[Stored entries]
● ● ● ● ●
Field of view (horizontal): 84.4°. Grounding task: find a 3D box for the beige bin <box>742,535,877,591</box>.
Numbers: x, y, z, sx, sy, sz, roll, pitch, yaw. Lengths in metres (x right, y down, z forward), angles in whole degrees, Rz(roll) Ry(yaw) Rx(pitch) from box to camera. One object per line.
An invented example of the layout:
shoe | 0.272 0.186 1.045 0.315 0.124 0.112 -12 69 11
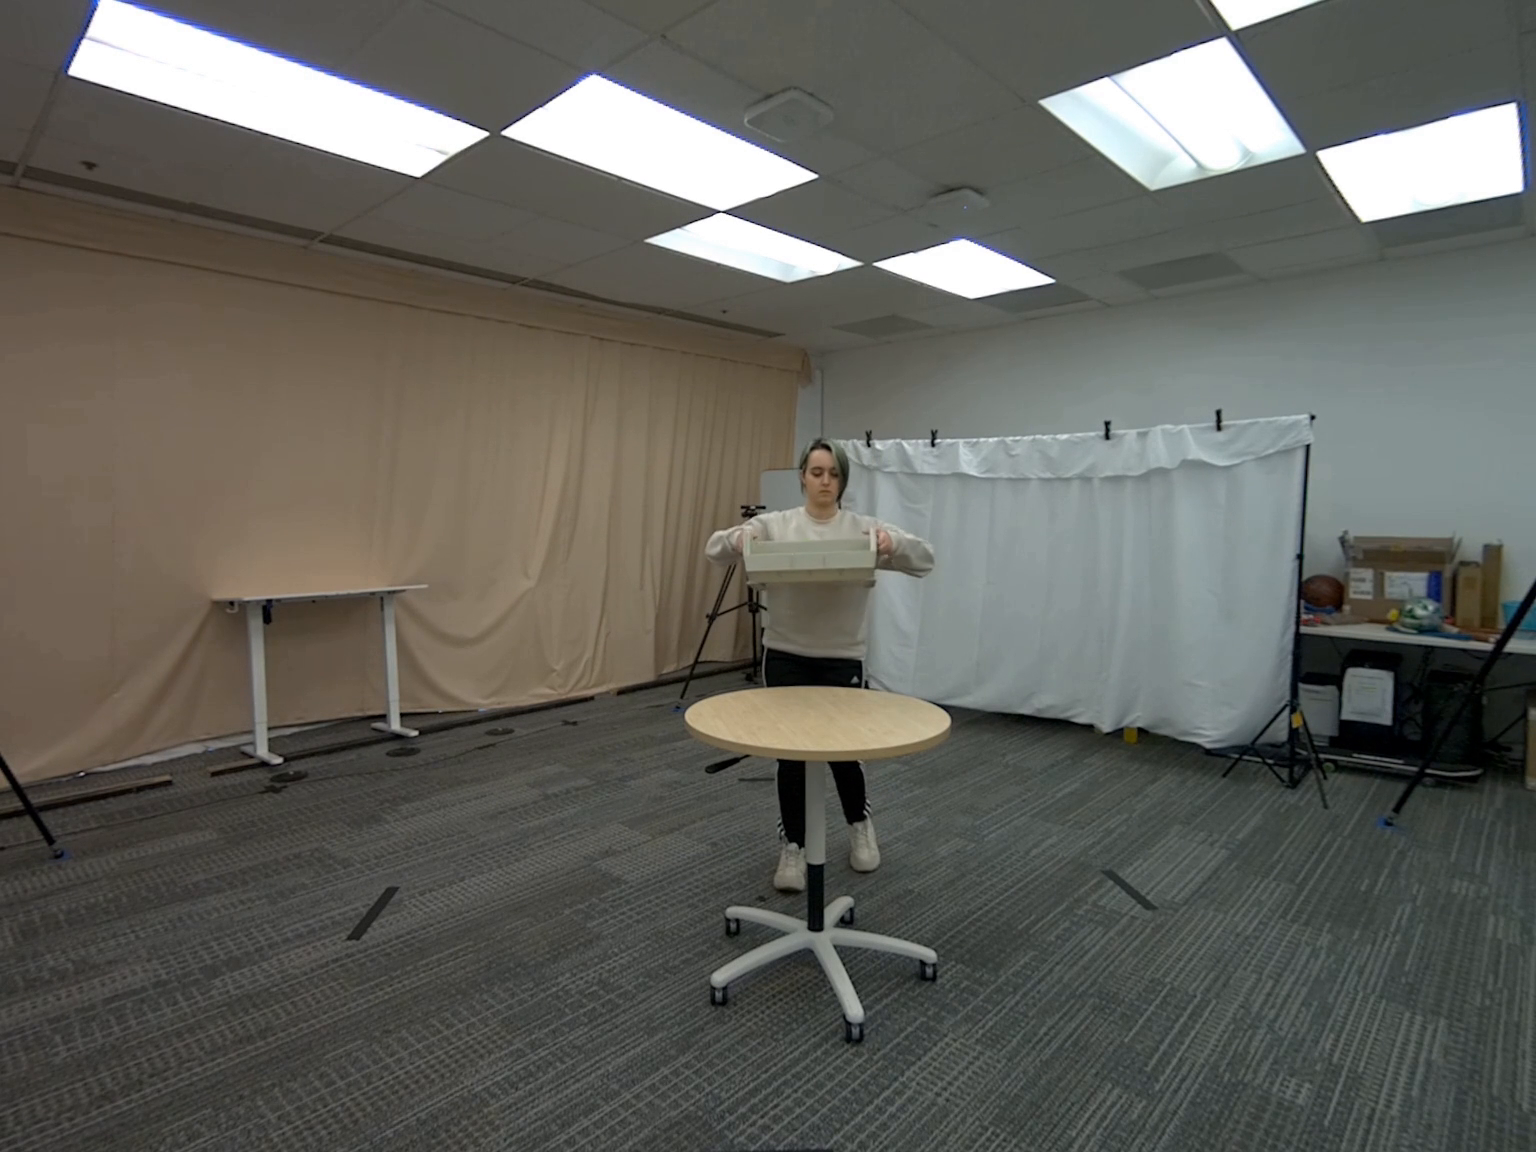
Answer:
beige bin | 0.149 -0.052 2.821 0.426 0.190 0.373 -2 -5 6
● ● ● ● ●
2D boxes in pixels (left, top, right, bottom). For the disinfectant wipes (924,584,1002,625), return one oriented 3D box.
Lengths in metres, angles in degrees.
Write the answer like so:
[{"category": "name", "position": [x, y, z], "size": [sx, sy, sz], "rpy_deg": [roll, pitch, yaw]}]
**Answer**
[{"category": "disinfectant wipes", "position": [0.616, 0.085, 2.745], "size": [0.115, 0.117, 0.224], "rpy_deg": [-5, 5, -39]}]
● ● ● ● ●
## Task statement
The line above containing "Field of view", the line containing "shoe | 0.272", and every line between them are to be transcribed exactly; no other line is wanted.

## Worked solution
Field of view (horizontal): 84.4°. Grounding task: find a 3D box for the beige bin <box>742,535,877,591</box>.
Numbers: x, y, z, sx, sy, sz, roll, pitch, yaw. Lengths in metres (x right, y down, z forward), angles in whole degrees, Rz(roll) Ry(yaw) Rx(pitch) from box to camera. One object per line.
An invented example of the layout:
shoe | 0.272 0.186 1.045 0.315 0.124 0.112 -12 69 11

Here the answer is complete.